**Task to complete**
Every entry should be duplicated verbatim, and no picture may appear in the copy.

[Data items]
__________________________________________________
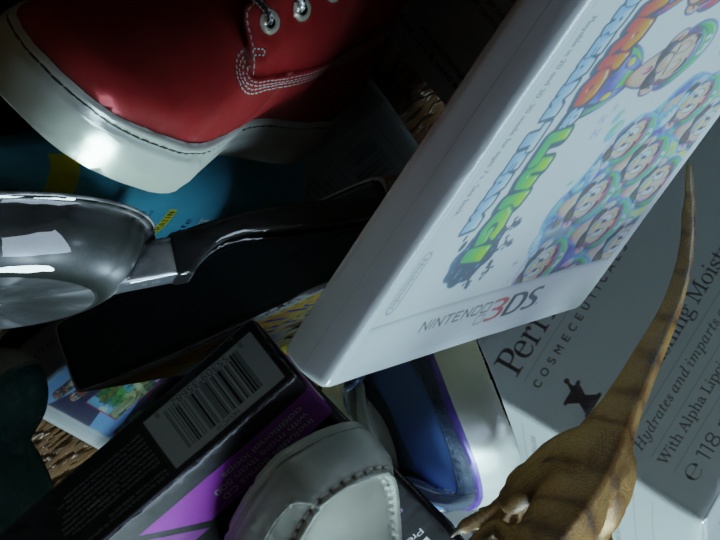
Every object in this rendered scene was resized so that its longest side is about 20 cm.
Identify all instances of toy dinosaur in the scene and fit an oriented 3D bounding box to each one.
[{"bbox_3d":[0.084,0.071,0.989,0.200,0.060,0.106,-57,177,-28],"label":"toy dinosaur"}]

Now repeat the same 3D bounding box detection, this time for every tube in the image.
[{"bbox_3d":[-0.094,-0.029,0.904,0.077,0.051,0.200,-27,168,33],"label":"tube"}]

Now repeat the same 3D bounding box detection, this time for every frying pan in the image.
[{"bbox_3d":[-0.090,-0.001,0.878,0.190,0.031,0.115,4,164,-34],"label":"frying pan"}]

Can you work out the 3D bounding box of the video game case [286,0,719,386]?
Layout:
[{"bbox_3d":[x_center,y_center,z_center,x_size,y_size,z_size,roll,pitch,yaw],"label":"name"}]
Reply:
[{"bbox_3d":[0.078,-0.054,0.901,0.182,0.024,0.200,-14,143,-57],"label":"video game case"}]

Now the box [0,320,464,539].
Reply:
[{"bbox_3d":[-0.046,0.112,0.990,0.143,0.036,0.200,-41,147,1],"label":"box"}]

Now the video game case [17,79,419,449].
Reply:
[{"bbox_3d":[-0.044,0.009,1.122,0.182,0.023,0.200,-40,162,1],"label":"video game case"}]

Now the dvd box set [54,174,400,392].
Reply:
[{"bbox_3d":[0.000,0.000,1.016,0.146,0.029,0.200,-24,172,27],"label":"dvd box set"}]

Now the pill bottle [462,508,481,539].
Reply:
[{"bbox_3d":[0.083,0.152,1.403,0.114,0.200,0.114,-34,161,-14],"label":"pill bottle"}]

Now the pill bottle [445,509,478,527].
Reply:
[{"bbox_3d":[-0.025,0.152,1.340,0.112,0.112,0.200,-17,152,-48],"label":"pill bottle"}]

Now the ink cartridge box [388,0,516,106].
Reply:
[{"bbox_3d":[0.120,-0.142,0.985,0.145,0.084,0.200,-15,150,-48],"label":"ink cartridge box"}]

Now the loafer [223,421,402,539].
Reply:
[{"bbox_3d":[-0.010,0.133,0.955,0.070,0.070,0.200,-23,142,-24],"label":"loafer"}]

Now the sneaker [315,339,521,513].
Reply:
[{"bbox_3d":[-0.024,0.081,1.102,0.146,0.081,0.200,-21,176,-11],"label":"sneaker"}]

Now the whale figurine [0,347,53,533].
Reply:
[{"bbox_3d":[-0.167,0.091,0.947,0.159,0.104,0.200,-34,163,-13],"label":"whale figurine"}]

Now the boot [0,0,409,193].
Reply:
[{"bbox_3d":[-0.026,-0.098,0.845,0.144,0.072,0.200,-47,168,21],"label":"boot"}]

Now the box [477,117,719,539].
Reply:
[{"bbox_3d":[0.154,0.028,1.272,0.199,0.131,0.200,-57,164,-12],"label":"box"}]
__________________________________________________
**Result**
Every object in this rendered scene was resized so that its longest side is about 20 cm.
Identify all instances of toy dinosaur in the scene and fit an oriented 3D bounding box to each one.
[{"bbox_3d":[0.084,0.071,0.989,0.200,0.060,0.106,-57,177,-28],"label":"toy dinosaur"}]

Now repeat the same 3D bounding box detection, this time for every tube in the image.
[{"bbox_3d":[-0.094,-0.029,0.904,0.077,0.051,0.200,-27,168,33],"label":"tube"}]

Now repeat the same 3D bounding box detection, this time for every frying pan in the image.
[{"bbox_3d":[-0.090,-0.001,0.878,0.190,0.031,0.115,4,164,-34],"label":"frying pan"}]

Can you work out the 3D bounding box of the video game case [286,0,719,386]?
Layout:
[{"bbox_3d":[x_center,y_center,z_center,x_size,y_size,z_size,roll,pitch,yaw],"label":"name"}]
Reply:
[{"bbox_3d":[0.078,-0.054,0.901,0.182,0.024,0.200,-14,143,-57],"label":"video game case"}]

Now the box [0,320,464,539].
Reply:
[{"bbox_3d":[-0.046,0.112,0.990,0.143,0.036,0.200,-41,147,1],"label":"box"}]

Now the video game case [17,79,419,449].
Reply:
[{"bbox_3d":[-0.044,0.009,1.122,0.182,0.023,0.200,-40,162,1],"label":"video game case"}]

Now the dvd box set [54,174,400,392].
Reply:
[{"bbox_3d":[0.000,0.000,1.016,0.146,0.029,0.200,-24,172,27],"label":"dvd box set"}]

Now the pill bottle [462,508,481,539].
Reply:
[{"bbox_3d":[0.083,0.152,1.403,0.114,0.200,0.114,-34,161,-14],"label":"pill bottle"}]

Now the pill bottle [445,509,478,527].
Reply:
[{"bbox_3d":[-0.025,0.152,1.340,0.112,0.112,0.200,-17,152,-48],"label":"pill bottle"}]

Now the ink cartridge box [388,0,516,106].
Reply:
[{"bbox_3d":[0.120,-0.142,0.985,0.145,0.084,0.200,-15,150,-48],"label":"ink cartridge box"}]

Now the loafer [223,421,402,539].
Reply:
[{"bbox_3d":[-0.010,0.133,0.955,0.070,0.070,0.200,-23,142,-24],"label":"loafer"}]

Now the sneaker [315,339,521,513].
Reply:
[{"bbox_3d":[-0.024,0.081,1.102,0.146,0.081,0.200,-21,176,-11],"label":"sneaker"}]

Now the whale figurine [0,347,53,533].
Reply:
[{"bbox_3d":[-0.167,0.091,0.947,0.159,0.104,0.200,-34,163,-13],"label":"whale figurine"}]

Now the boot [0,0,409,193].
Reply:
[{"bbox_3d":[-0.026,-0.098,0.845,0.144,0.072,0.200,-47,168,21],"label":"boot"}]

Now the box [477,117,719,539].
Reply:
[{"bbox_3d":[0.154,0.028,1.272,0.199,0.131,0.200,-57,164,-12],"label":"box"}]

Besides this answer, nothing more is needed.